→ Working data
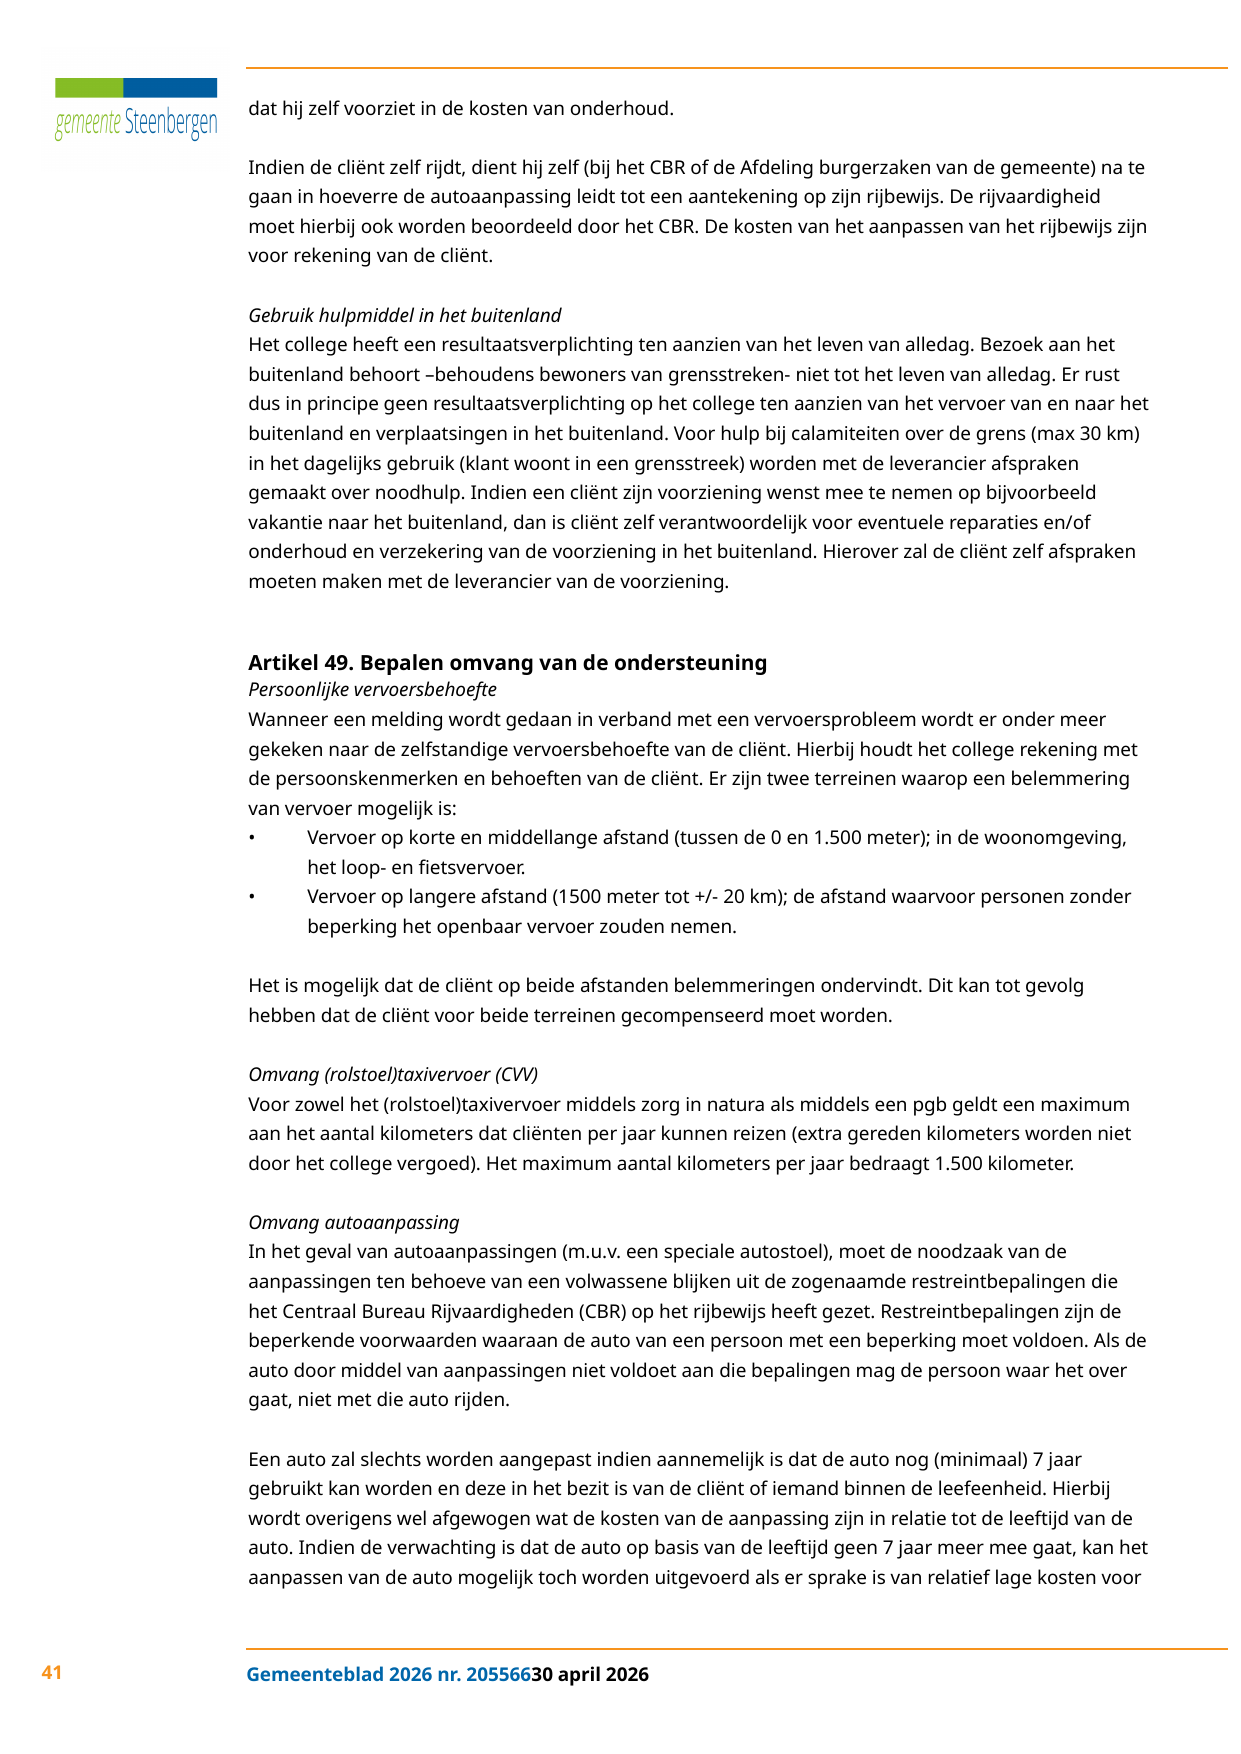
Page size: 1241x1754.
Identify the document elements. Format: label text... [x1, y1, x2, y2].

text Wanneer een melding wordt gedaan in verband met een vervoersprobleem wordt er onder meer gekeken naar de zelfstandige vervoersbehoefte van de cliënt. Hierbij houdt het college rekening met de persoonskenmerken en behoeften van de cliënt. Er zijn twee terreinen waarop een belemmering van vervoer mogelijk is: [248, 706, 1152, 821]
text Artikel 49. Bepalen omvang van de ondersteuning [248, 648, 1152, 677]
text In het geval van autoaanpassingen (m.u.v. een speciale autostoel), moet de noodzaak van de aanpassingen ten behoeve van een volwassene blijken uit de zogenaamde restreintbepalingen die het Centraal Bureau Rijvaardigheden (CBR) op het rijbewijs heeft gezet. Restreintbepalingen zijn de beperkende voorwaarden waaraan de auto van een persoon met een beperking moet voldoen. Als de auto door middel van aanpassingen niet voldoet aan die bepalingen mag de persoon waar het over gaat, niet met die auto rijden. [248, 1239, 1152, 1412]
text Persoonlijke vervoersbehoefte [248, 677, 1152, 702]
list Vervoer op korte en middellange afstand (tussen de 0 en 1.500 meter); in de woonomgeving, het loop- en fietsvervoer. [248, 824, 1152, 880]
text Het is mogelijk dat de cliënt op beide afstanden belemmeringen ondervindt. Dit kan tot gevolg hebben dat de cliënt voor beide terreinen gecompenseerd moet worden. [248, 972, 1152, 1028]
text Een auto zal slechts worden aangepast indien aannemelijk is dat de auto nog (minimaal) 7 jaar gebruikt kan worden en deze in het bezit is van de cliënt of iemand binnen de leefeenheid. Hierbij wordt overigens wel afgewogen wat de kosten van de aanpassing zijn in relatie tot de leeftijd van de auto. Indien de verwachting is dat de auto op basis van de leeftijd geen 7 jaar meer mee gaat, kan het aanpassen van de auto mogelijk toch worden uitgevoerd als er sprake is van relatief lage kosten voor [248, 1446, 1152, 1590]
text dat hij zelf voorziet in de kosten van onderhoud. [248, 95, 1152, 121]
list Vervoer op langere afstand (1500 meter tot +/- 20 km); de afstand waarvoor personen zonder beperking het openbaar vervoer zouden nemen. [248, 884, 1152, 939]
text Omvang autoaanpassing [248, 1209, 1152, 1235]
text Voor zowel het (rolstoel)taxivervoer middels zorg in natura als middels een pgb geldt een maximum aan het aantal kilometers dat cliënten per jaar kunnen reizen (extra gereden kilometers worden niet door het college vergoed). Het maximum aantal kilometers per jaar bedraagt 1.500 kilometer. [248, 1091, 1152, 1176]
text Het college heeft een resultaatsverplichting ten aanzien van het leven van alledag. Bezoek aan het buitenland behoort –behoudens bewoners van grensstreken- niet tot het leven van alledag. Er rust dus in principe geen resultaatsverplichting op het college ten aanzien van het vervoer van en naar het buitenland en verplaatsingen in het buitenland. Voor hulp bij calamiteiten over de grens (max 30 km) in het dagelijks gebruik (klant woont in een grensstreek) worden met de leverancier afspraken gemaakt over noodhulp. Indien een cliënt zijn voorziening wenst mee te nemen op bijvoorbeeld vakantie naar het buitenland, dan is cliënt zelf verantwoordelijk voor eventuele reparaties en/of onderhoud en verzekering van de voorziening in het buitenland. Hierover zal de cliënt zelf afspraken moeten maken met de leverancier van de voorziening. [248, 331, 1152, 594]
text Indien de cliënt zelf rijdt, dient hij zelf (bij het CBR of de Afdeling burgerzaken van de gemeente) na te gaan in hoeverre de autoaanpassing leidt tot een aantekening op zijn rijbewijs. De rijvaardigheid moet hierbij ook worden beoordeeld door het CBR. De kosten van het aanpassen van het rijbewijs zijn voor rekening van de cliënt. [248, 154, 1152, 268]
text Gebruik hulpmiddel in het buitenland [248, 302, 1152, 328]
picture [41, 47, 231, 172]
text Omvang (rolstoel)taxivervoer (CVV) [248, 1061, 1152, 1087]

→ What is being asked
Everything above from the line containing "list Vervoer op langere" down to the line containing "text Omvang autoaanpassing" should be copied exactly, both end lines included, and nothing else.

→ Written reply
list Vervoer op langere afstand (1500 meter tot +/- 20 km); de afstand waarvoor personen zonder beperking het openbaar vervoer zouden nemen. [248, 884, 1152, 939]
text Omvang autoaanpassing [248, 1209, 1152, 1235]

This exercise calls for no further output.